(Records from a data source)
···

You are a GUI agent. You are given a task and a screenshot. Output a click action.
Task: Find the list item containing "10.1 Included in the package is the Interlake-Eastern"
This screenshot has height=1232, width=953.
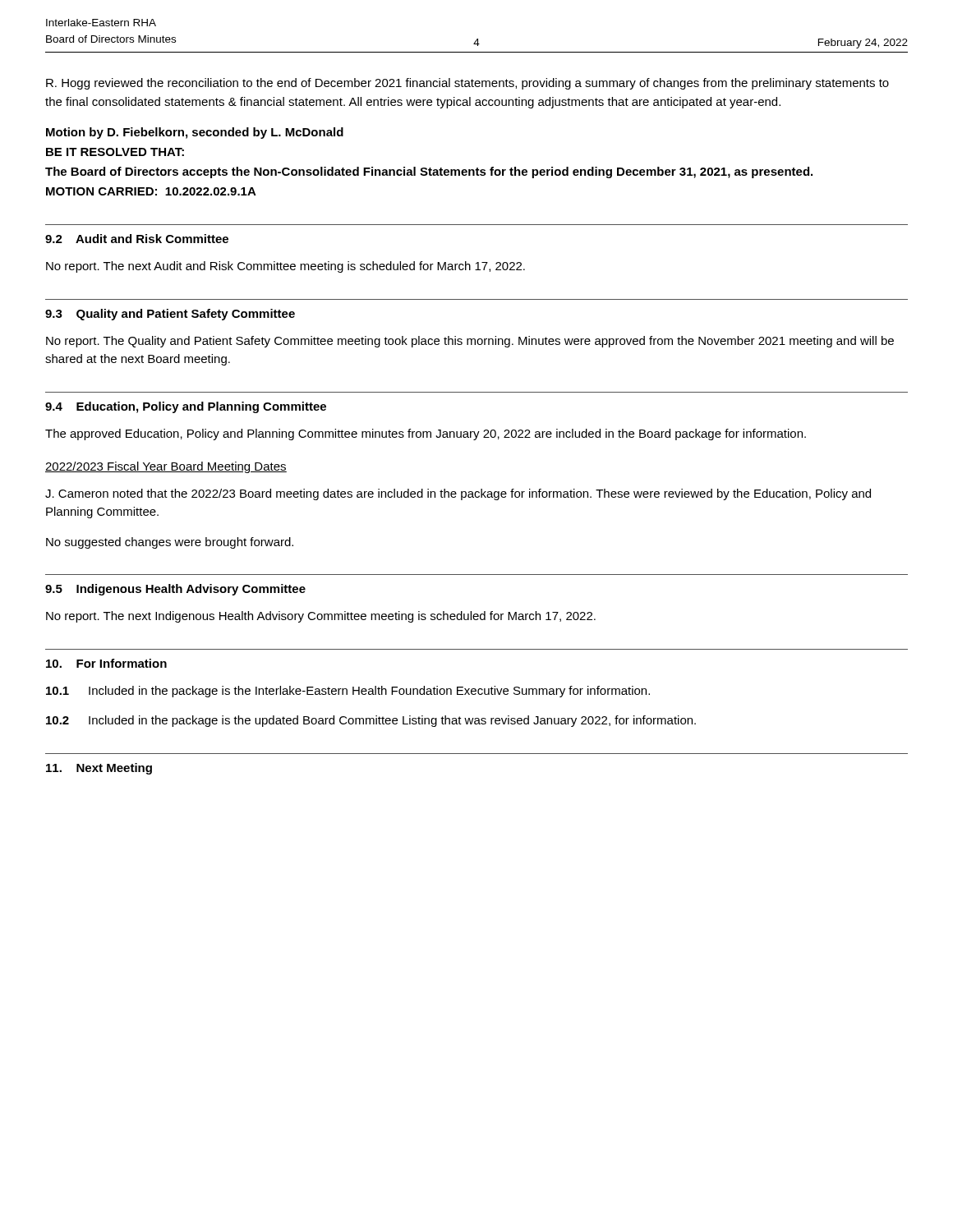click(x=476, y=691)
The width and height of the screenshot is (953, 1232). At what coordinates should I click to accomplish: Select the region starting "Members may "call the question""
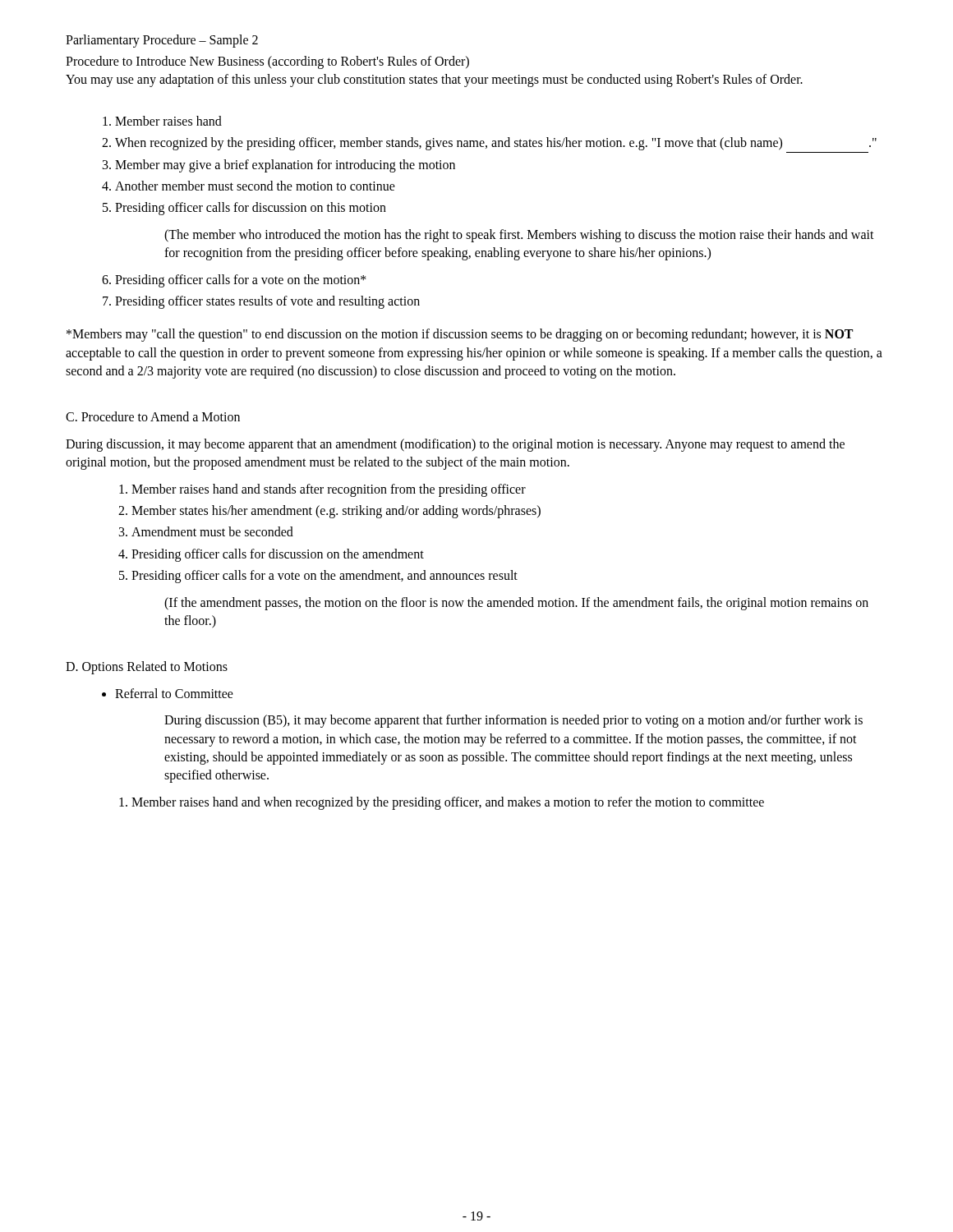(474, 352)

···

# REQUIRED WORK
All of the data above should be transcribed verbatim, with pictures omitted.

# SOLUTION TO THE PROBLEM
You are a GUI agent. You are given a task and a screenshot. Output a click action.
Task: Find the list item containing "10.1 Included in the package is the Interlake-Eastern"
This screenshot has height=1232, width=953.
click(x=476, y=691)
The width and height of the screenshot is (953, 1232). At what coordinates should I click to accomplish: Select the region starting "Members may "call the question""
(474, 352)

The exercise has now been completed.